Follow instructions at:  
https://detectron2.readthedocs.io/en/latest/tutorials/install.html

### Finetuning

Follow instructions at:  
https://detectron2.readthedocs.io/en/latest/tutorials/training.html

### Inference

```python
import cv2
import layoutparser as lp
import matplotlib.pyplot as plt

# Configuration
model_config_path = "config_mask_rcnn_resized.yaml"
model_path = "SweMPer-layout-lite.pth"

label_map = {
    0: "advertisement",
    1: "author",
    2: "header_or_footer",
    3: "image",
    4: "list",
    5: "page_no",
    6: "table",
    7: "text",
    8: "title",
}

# Load model
model = lp.models.Detectron2LayoutModel(
    config_path=model_config_path,
    model_path=model_path,
    extra_config=["MODEL.ROI_HEADS.SCORE_THRESH_TEST", 0.8],
    label_map=label_map,
)

# Load and process image
image = cv2.imread("<path_to_image>")
image = image[..., ::-1]  # BGR to RGB

# Detect layout
layout = model.detect(image)

# Print detected elements
for block in layout:
    print(f"Type: {block.type}, Score: {block.score:.3f}, Box: {block.coordinates}")

# Visualize results
viz = lp.draw_box(image, layout, box_width=3, show_element_type=True)
plt.figure(figsize=(12, 16))
plt.imshow(viz)
plt.axis("off")
plt.show()
```

## Acknowledgements

This work was carried out within the project:  
**Communicating Medicine (SweMPer): Digitalisation of Swedish Medical Periodicals, 1781–2011**  
(Project ID: **IN22-0017**), funded by **Riksbankens Jubileumsfond**.

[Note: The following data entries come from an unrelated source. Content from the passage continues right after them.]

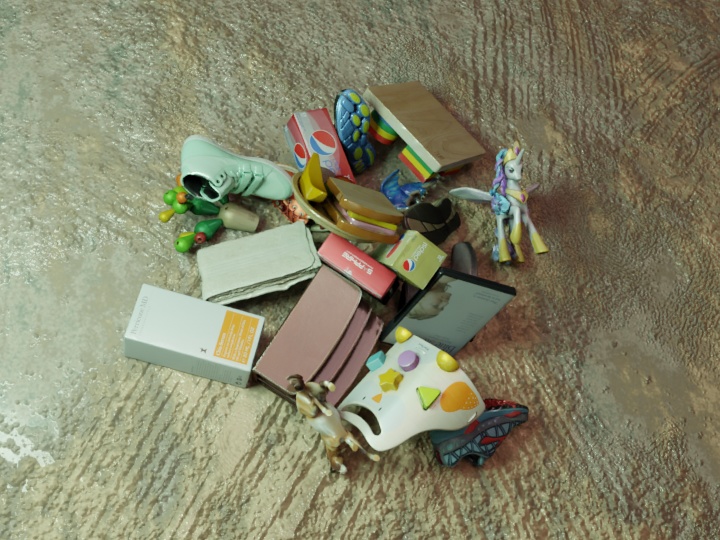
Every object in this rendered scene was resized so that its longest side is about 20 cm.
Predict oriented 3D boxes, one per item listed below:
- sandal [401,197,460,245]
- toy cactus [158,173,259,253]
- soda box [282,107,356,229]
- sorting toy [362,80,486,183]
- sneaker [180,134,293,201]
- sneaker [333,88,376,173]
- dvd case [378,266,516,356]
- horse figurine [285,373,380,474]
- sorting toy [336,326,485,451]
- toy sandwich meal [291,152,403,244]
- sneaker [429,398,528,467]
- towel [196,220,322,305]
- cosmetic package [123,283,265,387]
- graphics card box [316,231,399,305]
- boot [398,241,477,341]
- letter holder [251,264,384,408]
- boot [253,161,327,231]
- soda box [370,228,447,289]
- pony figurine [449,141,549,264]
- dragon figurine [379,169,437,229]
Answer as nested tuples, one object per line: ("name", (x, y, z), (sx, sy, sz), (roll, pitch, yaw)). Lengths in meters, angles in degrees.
("sandal", (0.120, -0.080, 1.678), (0.201, 0.057, 0.080), (-19, 89, -62))
("toy cactus", (-0.251, -0.113, 1.612), (0.165, 0.102, 0.200), (19, 49, -16))
("soda box", (-0.064, -0.176, 1.633), (0.070, 0.063, 0.200), (-15, 77, -28))
("sorting toy", (0.107, -0.253, 1.756), (0.199, 0.070, 0.200), (48, 32, 12))
("sneaker", (-0.204, -0.137, 1.554), (0.200, 0.074, 0.118), (20, 41, -18))
("sneaker", (-0.024, -0.251, 1.689), (0.071, 0.200, 0.083), (-40, 64, -13))
("dvd case", (0.136, 0.073, 1.523), (0.143, 0.200, 0.018), (15, 47, -24))
("horse figurine", (-0.049, 0.220, 1.397), (0.050, 0.133, 0.200), (-39, 106, -23))
("sorting toy", (0.053, 0.195, 1.456), (0.180, 0.107, 0.200), (-39, 41, -22))
("toy sandwich meal", (-0.017, -0.115, 1.501), (0.205, 0.070, 0.205), (25, 26, -13))
("sneaker", (0.190, 0.264, 1.531), (0.200, 0.079, 0.096), (-8, 99, -33))
("towel", (-0.167, -0.013, 1.557), (0.200, 0.034, 0.133), (-15, 40, -4))
("cosmetic package", (-0.260, 0.103, 1.488), (0.200, 0.071, 0.102), (15, 58, -6))
("graphics card box", (0.000, 0.000, 1.547), (0.125, 0.200, 0.051), (34, 87, 7))
("boot", (0.134, 0.029, 1.644), (0.132, 0.070, 0.200), (6, 55, -6))
("letter holder", (-0.058, 0.118, 1.489), (0.142, 0.101, 0.200), (33, 74, 3))
("boot", (-0.126, -0.126, 1.659), (0.200, 0.075, 0.107), (8, 64, -12))
("soda box", (0.073, -0.022, 1.517), (0.064, 0.200, 0.068), (36, 88, -10))
("pony figurine", (0.266, -0.114, 1.708), (0.166, 0.193, 0.200), (-6, 82, -15))
("dragon figurine", (0.064, -0.141, 1.724), (0.099, 0.059, 0.200), (37, 60, 7))

We gratefully acknowledge the support of the funder and project collaborators.

This model builds upon the excellent work of:

- [Detectron2](https://github.com/facebookresearch/detectron2/tree/main)  
- [LayoutParser](https://github.com/Layout-Parser/layout-parser?tab=readme-ov-file)  

We thank the contributors and maintainers of these projects for making their tools publicly available and supporting research.